The following examples may help clarify what is not considered Core CME for family physicians:

  • CME on new modes of treatment, such as Complementary and Alternative Medicine (CAM). These topics may be “good to know” or “nice to know”, but are not considered “must know”.
  • CME on specialised techniques not used in family practice, such as MRI techniques for imaging the cranial fossa or spine. These are similarly regarded as “good to know” rather than essential knowledge.
  • CME organised by commercial entities with vested interests that rely on College endorsement or co-organisation primarily for credibility. If the speaker or content is biased towards the sponsoring organisation, the programme may not qualify as Core CME. Pharmaceutical-sponsored CME activities therefore require closer scrutiny, including written assurances and mutual agreement to minimise commercial bias.

Note to CME Coordinators

Please note the following when submitting an application for CME accreditation:

  1. Ensure all sections of the application form are fully completed. Incomplete submissions will not be considered for FM Core CME accreditation. Organisers are encouraged to consult the FM CME Advisor during the planning phase of the event to discuss the programme content.
  2. Provide sufficient information on the programme content to enable an accurate assessment of the event. Applications with inadequate descriptions may not be approved for FM Core CME accreditation.
  3. Submit the completed application form to the College at least four weeks before the commencement of the event.
  4. The FM CME Advisor must not serve as the event coordinator or speaker.
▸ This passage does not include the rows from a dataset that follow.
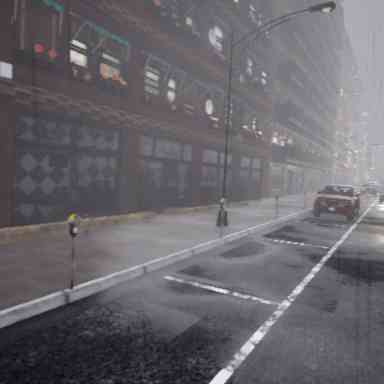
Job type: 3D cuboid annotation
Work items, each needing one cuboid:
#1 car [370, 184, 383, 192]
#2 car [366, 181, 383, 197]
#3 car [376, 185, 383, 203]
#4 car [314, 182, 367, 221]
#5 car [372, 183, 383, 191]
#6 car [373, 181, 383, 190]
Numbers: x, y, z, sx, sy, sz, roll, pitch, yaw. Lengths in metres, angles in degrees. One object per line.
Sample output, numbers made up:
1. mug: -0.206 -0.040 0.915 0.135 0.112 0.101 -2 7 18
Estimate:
1. car: 34.913 -0.802 62.771 1.947 1.339 4.313 5 4 31
2. car: 23.161 -0.371 43.372 2.192 1.841 5.009 5 4 31
3. car: 19.078 0.410 31.767 1.994 1.385 4.181 4 4 31
4. car: 8.454 0.481 19.145 2.192 1.841 5.009 5 4 31
5. car: 37.855 -0.987 67.615 2.008 1.369 4.403 5 4 31
6. car: 40.809 -1.391 72.445 2.192 1.841 5.009 5 4 31
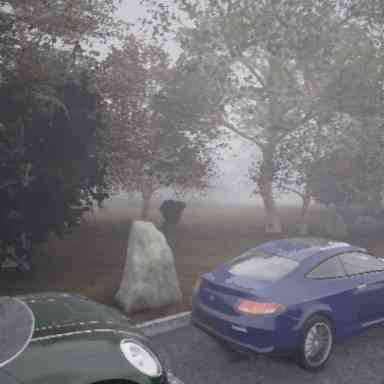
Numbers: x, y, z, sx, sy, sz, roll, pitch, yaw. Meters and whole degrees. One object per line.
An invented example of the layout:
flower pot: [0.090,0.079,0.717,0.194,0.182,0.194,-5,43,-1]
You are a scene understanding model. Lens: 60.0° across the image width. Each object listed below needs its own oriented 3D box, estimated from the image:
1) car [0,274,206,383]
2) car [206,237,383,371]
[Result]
car: [-2.407,1.356,2.344,4.553,1.767,2.185,0,0,-33]
car: [2.157,1.508,5.588,4.674,1.452,2.002,0,0,-33]
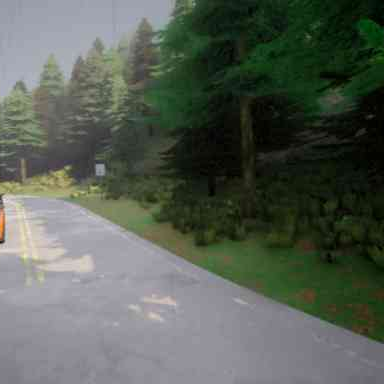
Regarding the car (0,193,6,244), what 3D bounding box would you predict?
[{"bbox_3d":[-8.169,0.899,12.399,2.097,1.767,4.553,-3,5,-28],"label":"car"}]
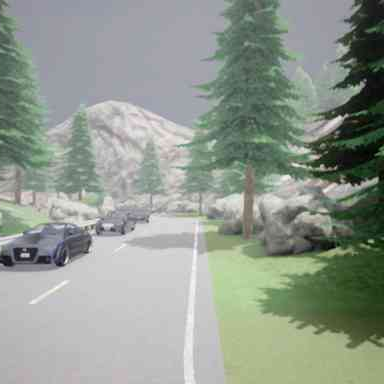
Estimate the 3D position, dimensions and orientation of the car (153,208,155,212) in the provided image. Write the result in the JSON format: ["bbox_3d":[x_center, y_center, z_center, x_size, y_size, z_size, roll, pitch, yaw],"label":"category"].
[{"bbox_3d":[-7.964,2.654,50.520,4.718,1.301,1.895,-1,-1,31],"label":"car"}]

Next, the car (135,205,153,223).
[{"bbox_3d":[-5.081,2.206,32.698,1.837,1.490,4.892,0,-1,-6],"label":"car"}]

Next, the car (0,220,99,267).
[{"bbox_3d":[-5.253,1.864,12.541,1.994,1.385,4.181,0,-1,1],"label":"car"}]

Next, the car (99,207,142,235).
[{"bbox_3d":[-5.040,1.990,22.483,2.128,1.511,4.902,0,-1,1],"label":"car"}]
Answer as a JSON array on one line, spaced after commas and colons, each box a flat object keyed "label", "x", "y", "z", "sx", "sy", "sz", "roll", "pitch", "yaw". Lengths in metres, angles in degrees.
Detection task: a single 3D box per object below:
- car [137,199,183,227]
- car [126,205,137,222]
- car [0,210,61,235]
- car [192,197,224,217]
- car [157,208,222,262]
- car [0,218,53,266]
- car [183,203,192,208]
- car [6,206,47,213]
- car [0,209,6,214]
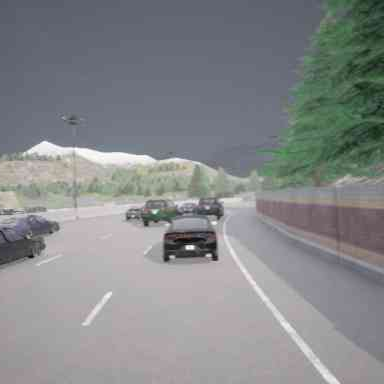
[{"label": "car", "x": -2.424, "y": 1.619, "z": 27.014, "sx": 2.150, "sy": 2.045, "sz": 5.566, "roll": -2, "pitch": -1, "yaw": 7}, {"label": "car", "x": -5.041, "y": 2.054, "z": 33.107, "sx": 2.128, "sy": 1.511, "sz": 4.902, "roll": -2, "pitch": -1, "yaw": 10}, {"label": "car", "x": -10.148, "y": 2.143, "z": 20.485, "sx": 2.033, "sy": 1.411, "sz": 5.357, "roll": -2, "pitch": -1, "yaw": 4}, {"label": "car", "x": 1.802, "y": 1.530, "z": 31.939, "sx": 2.150, "sy": 2.045, "sz": 5.566, "roll": -2, "pitch": -1, "yaw": 10}, {"label": "car", "x": -0.021, "y": 1.630, "z": 12.982, "sx": 1.882, "sy": 1.535, "sz": 5.008, "roll": -2, "pitch": -1, "yaw": 1}, {"label": "car", "x": -7.066, "y": 1.930, "z": 11.483, "sx": 2.033, "sy": 1.411, "sz": 5.357, "roll": -2, "pitch": -1, "yaw": 1}, {"label": "car", "x": -0.221, "y": 2.015, "z": 39.405, "sx": 2.033, "sy": 1.411, "sz": 5.357, "roll": -2, "pitch": -1, "yaw": 13}, {"label": "car", "x": -18.522, "y": 2.491, "z": 38.347, "sx": 2.097, "sy": 1.767, "sz": 4.553, "roll": -2, "pitch": -1, "yaw": 11}, {"label": "car", "x": -21.993, "y": 2.745, "z": 38.791, "sx": 1.837, "sy": 1.490, "sz": 4.892, "roll": -2, "pitch": -1, "yaw": 11}]

The FM CME Advisor may request additional information or a more detailed description of the programme content, where necessary, to facilitate the accreditation assessment.

The FM Matrix

The FM Matrix was developed by the College as a framework for its vocational training programmes. CME providers may use this matrix as a guide when planning educational activities, ensuring a balanced and comprehensive coverage of the syllabus over a two- to three-year CME cycle.

SMC CME System

ACTIVITY CATEGORY CRITERIA CREDIT POINTS AWARDED SUBMITTED BY
1A. Pre-approved Established Programmes

  • Grand Ward Rounds

  • Teaching and Tutorial Sessions
  • Structured training programmes conducted by the Division of Graduate Medical Studies (DGMS) and the College of Family Physicians Singapore (CFPS), such as the Graduate Diploma in Family Medicine (GDFM) and Master of Medicine (Family Medicine) [MMed (FM)]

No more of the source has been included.